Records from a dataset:
____________________

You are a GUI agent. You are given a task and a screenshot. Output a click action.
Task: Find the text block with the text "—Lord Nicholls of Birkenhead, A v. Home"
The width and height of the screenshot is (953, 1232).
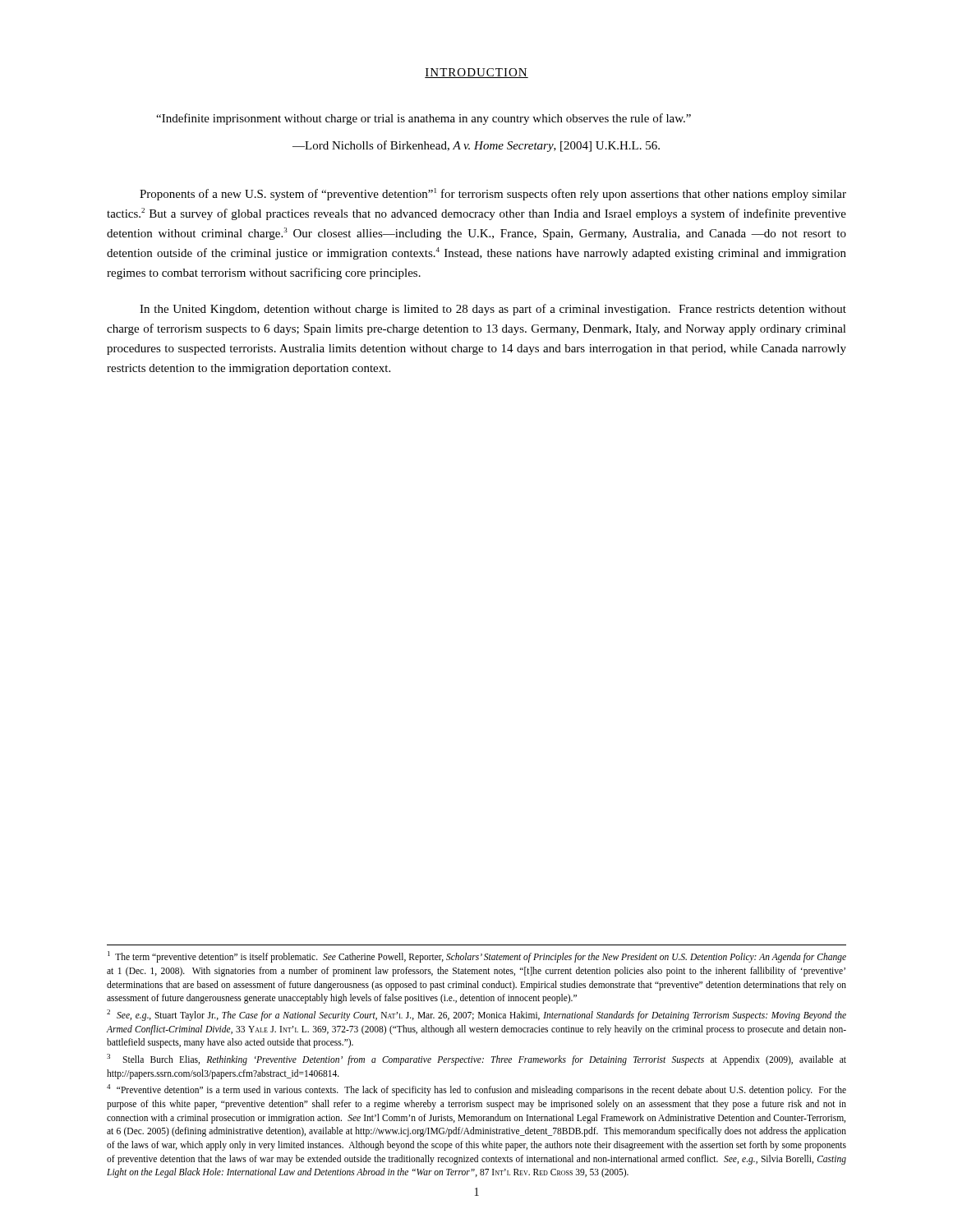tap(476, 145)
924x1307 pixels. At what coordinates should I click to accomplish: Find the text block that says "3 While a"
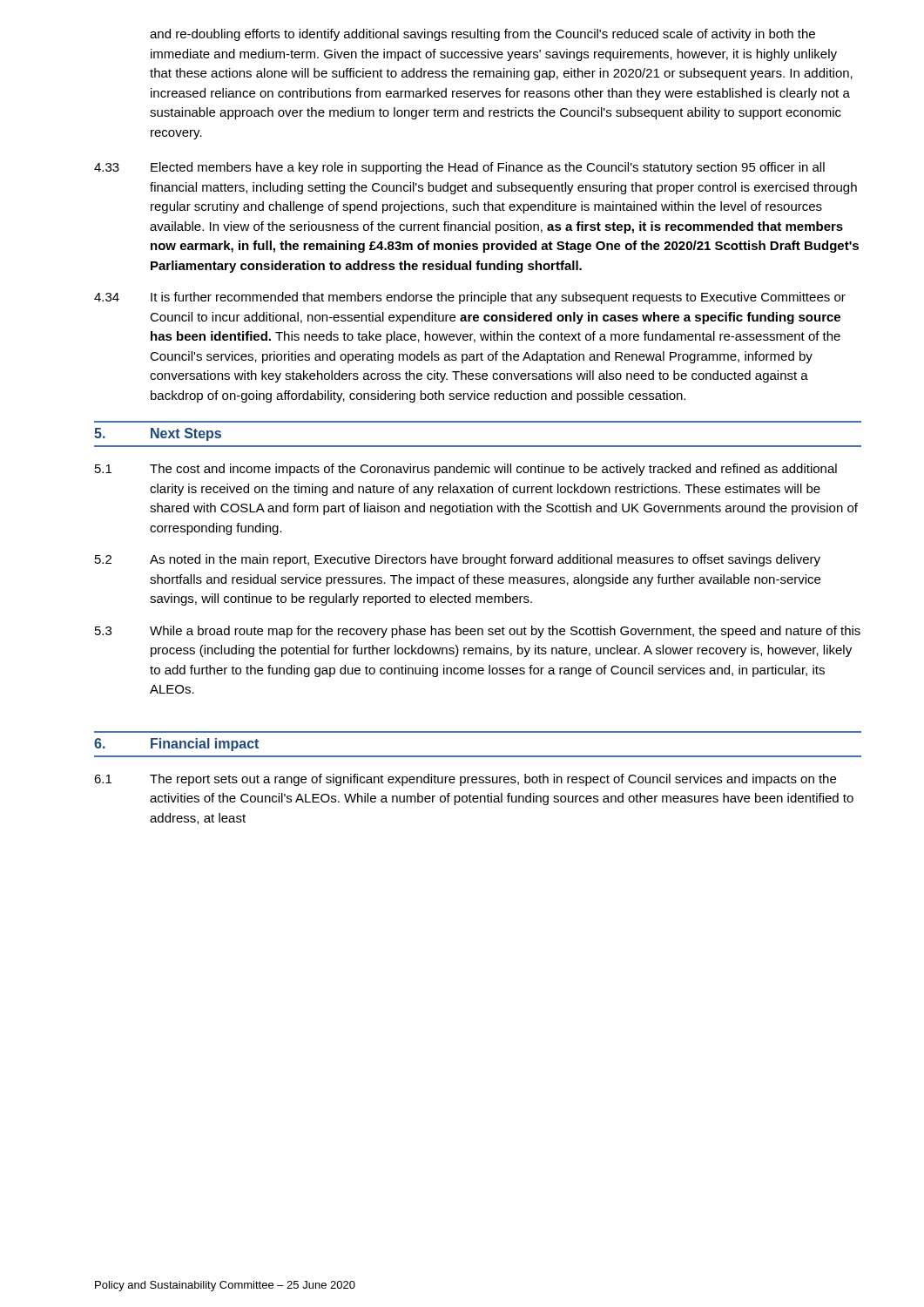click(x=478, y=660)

____________________

Description of the task: Could you return exactly the lines starting with the one that contains "Task: Find the" and ending with the last line of the data above? Leave the pictures out.

Problem solution:
Task: Find the text block with the text "—Lord Nicholls of Birkenhead, A v. Home"
The width and height of the screenshot is (953, 1232).
tap(476, 145)
924x1307 pixels. At what coordinates should I click to accomplish: Find the text block that says "3 While a"
click(x=478, y=660)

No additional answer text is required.